Сине-белый свет, превратившись в переплетающиеся струны, опутал собой все пространство. Абсолютная тьма теперь вся была пронизана светом. Тут же стало слышно, как бьются друг о друга лучи. Завихрение цифрового сигнала слегка коснулось мочки уха Каору.

Он оказался в невесомости, как будто поднялся из контейнера с дистиллированной водой и его начал засасывать в себя водоворот. Отделившись от тела, душа устремлялась все выше и выше. Путешествие Каору подходило к концу. Он подошел к цели своего пути от смерти к перерождению.

Образы возникали в сознании какими-то ошметками, образуя размытую, неясную мозаику. Сколько он ни старался, таких ясных образов, как до этого, в сознании не появлялось. Возможно, из-за того, что информация была еще не вся обработана.

Облучение стало еще интенсивнее, теперь оцифровывается молекулярная структура Каору.

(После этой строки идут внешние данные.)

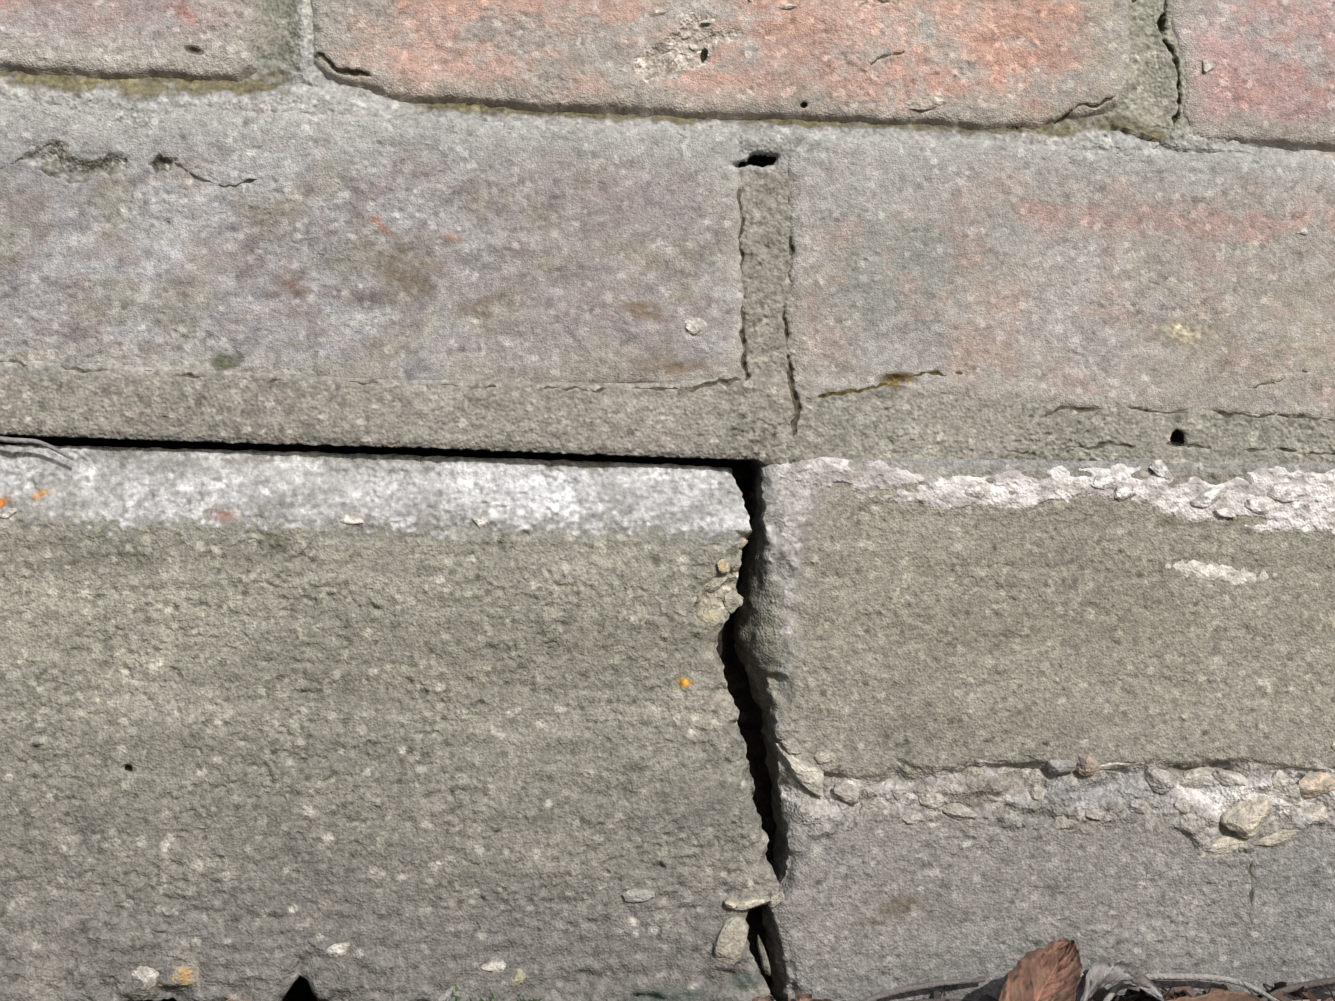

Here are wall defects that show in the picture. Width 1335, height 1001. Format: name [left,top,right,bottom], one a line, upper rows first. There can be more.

crack [1156,0,1181,147]
crack [0,359,28,367]
crack [61,365,107,373]
crack [144,370,201,378]
crack [539,189,750,393]
crack [782,196,963,436]
crack [0,435,785,996]
spalling [775,738,1335,861]
flaking render [132,966,199,990]

С увеличением интенсивности размытая мозаика стала приобретать заостренные углы. В сознании Каору вновь начали появляться картины.

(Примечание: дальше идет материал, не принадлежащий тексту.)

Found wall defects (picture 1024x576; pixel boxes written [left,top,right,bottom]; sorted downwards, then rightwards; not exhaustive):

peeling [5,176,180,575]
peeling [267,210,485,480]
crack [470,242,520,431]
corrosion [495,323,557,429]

Все образы были такими же, как вначале. Казалось, что впереди, там, откуда шел свет, видна преисподняя, как две капли воды похожая на нашу реальность.

Путешествие Каору вот-вот завершится. В этом мире его тела больше нет, вскоре он будет рожден в «Петле».

* * *
Когда обработка закончилась, контейнер, где находился Каору, был пуст. Остатки разрушенных и разбросанных клеток смешались с водой. Так же как и сознание, растворившееся в воде, плоть была раздроблена, распылена и растворена в воде. Вода утратила свою чистоту. Сине-белые лучи не превратили ее в кровавый бульон, но преобразовали в жидкость совсем иной консистенции.

* * *
Несмотря на то что тело пропало, сознание Каору сохранилось. Частицы нейтрино за миг до смерти тела создали точную цифровую копию мозга, во всех мелочах — от расположения нейронов до происходивших в тот момент в мозгу химических реакций, — и таким образом позволили восстановить его.

Но эта информация, полученная благодаря Newcap, не будет запущена сразу. Некоторое время, пока происходит процесс его роста, она будет храниться отдельно от Каору. Когда в «Петле» пройдет приблизительно неделя, рожденный человек достигнет той стадии развития, которая у него была в момент облучения в Newcap. Тогда-то ему окончательно будут возращены память и сознание.

Каору приблизительно догадывался, где он сейчас. Он в матке. И это никакая не метафора, он действительно в матке, в женском чреве, плавает в околоплодных водах.

Откуда-то издалека слышалось биение материнского сердца. Удары гулко разносились по тесному, темному округлому пространству. Биение становилось все сильнее.

Бум-бум-бум-бум.

Каору не знал, в чьей он матке. Но знал, что вот-вот родится.

Стремясь выйти наружу, он начал выталкивать себя.

Он увидел яркий свет. Это уже не было прежнее сине-белое сияние, это был обыкновенный искусственный свет. И шел он, по-видимому, от часто встречающихся в больницах астральных ламп.

Свет слепил ему глаза, но он разглядел пуповину. Этакий гротескный провод, соединявший его и мать...

Потянувшись руками к пуповине, он попытался самостоятельно разорвать ее и в этот момент громко закричал. Так же, как кричат все младенцы:

— Огя! Огя!

Новое путешествие началось.

Пришествие

1

Стоял необычно солнечный для сезона дождей день. Пройдясь по парапету, отделяющему песчаный пляж от дороги, и оглянувшись на горизонт, можно было увидеть, что над заливом висит легкая дымка. На выступающем в море парапете беззаботно сидели несколько рыбаков с закинутыми удочками. Лето еще не наступило, никто не купался. Семья из двух человек, расставив на песке шезлонги, наслаждалась пикником.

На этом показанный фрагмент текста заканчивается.